News & Analysis
Hewlett-Packard gets introspective
Stan Runyon
1/25/1999 1:51 PM EST
According to Plato, "The life which is unexamined is not worth living." Hewlett-Packard Co. seems to believe that, too.
More accurately, HP is finding it difficult to live with a puny 4 percent revenue growth after spending much of its corporate life growing by leaps and bounds. Late last year, after the company's fourth-quarter report showed the emaciated revenue rise, chief executive officer Lew Platt disclosed he had imported consultants to look over HP to suggest ways to stimulate a regrowth.
That move gave new impetus to the divestment rumors flying about earlier in the year. Those apparently began when Platt, in a newspaper interview, voiced for the first time the unthinkable: that no part of the company was sacrosanct, that the very foundation upon which HP rose and grew-the test-and-measurement business-was not insured against sale or spin-off in some fashion.
Indeed, The Wall Street Journal reported on Nov. 23, "Many industry analysts and HP insiders believe that one result of this review will be a shedding of some smaller business operations, such as its testing and medical-equipment units."
It remains to be seen how HP's culture, organization, product lines and marketing strategies will hold up under a magnifying glass. Though consultants have been called in, the handle of the glass really is held by Wall Street, which tolerates nothing that it believes holds back a stock and certainly has no room for sentiment.
Executives, engineers and marketers who grew up with the "HP Way"-those with any attachment to the company's roots, its founders or to the T&M business-may be swept away by the rising tide of the Dow Jones or S&P 500, or whatever stock index rules at the moment.
Just the other day, one of HP's most widely watched, fastest-growing business segments-color printers- took an initial hit of sorts. HP said it would enter the low-cost inkjet-printer market, selling color units below $100, by forming a subsidiary called Apollo Consumer Products Inc. The operation ultimately will encompass low-cost PCs, scanners, digital cameras and other consumer gadgets.
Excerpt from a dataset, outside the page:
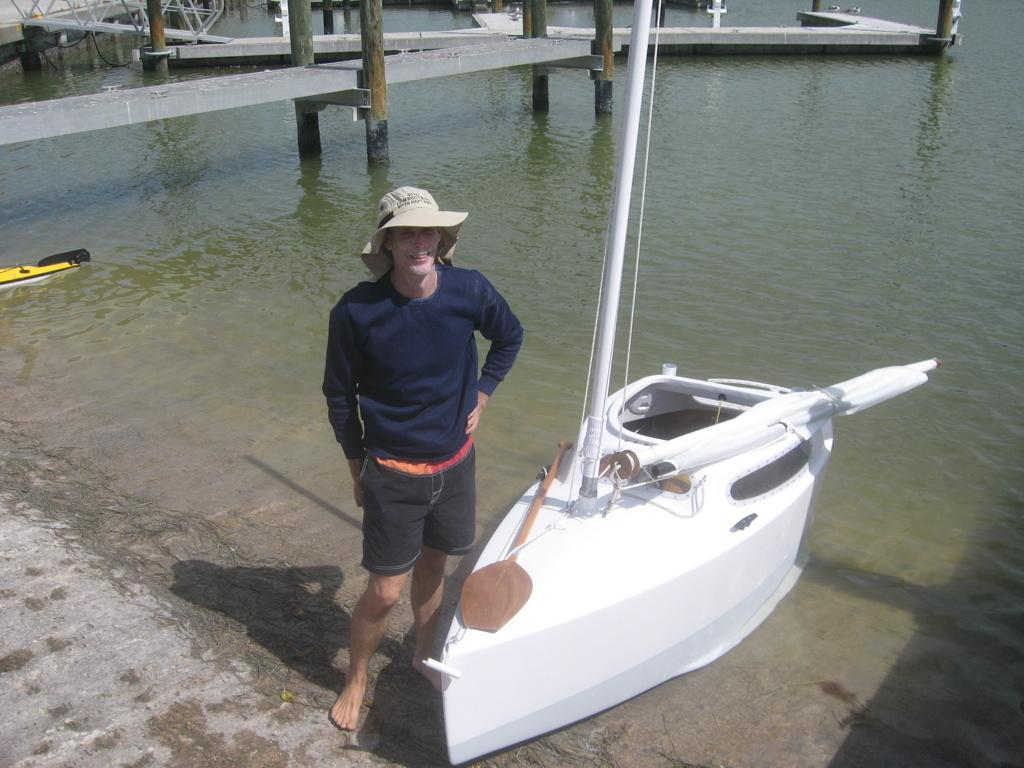What is the person in the image wearing on their head? The person in the image is wearing a cap. What type of boat can be seen in the image? There is a white color boat in the image. What can be seen in the background of the image? Water and poles are visible in the background of the image. How many snails are crawling on the boat in the image? There are no snails visible in the image; it features a person wearing a cap and a white color boat. What type of battle is taking place in the image? There is no battle depicted in the image; it shows a person wearing a cap and a boat on water.

Until now, HP-which dominates inkjets-has cautiously sidestepped the low end, where brutal competition has caused profits to crash and forced many companies to exit a business they may once have dominated.
Of course, except for certain items, such as handheld digital multimeters, that kind of price bombing is not common in the test industry. The problem there is the markets, which, except for communications and a few others, have not been growing at the rates that stock pushers would like.
At one point not too long ago, HP's test-and-measurement business contributed more to HP's overall profitability than some of the computer operations. Through hard work and perseverance, HP's automated test operations, for one, have gained share in areas dominated by overseas or other vendors. It would be a shame to see such effort go to waste because of an unfeeling reorganization.
Stan Runyon is Technical Editor, Test, for EE Times.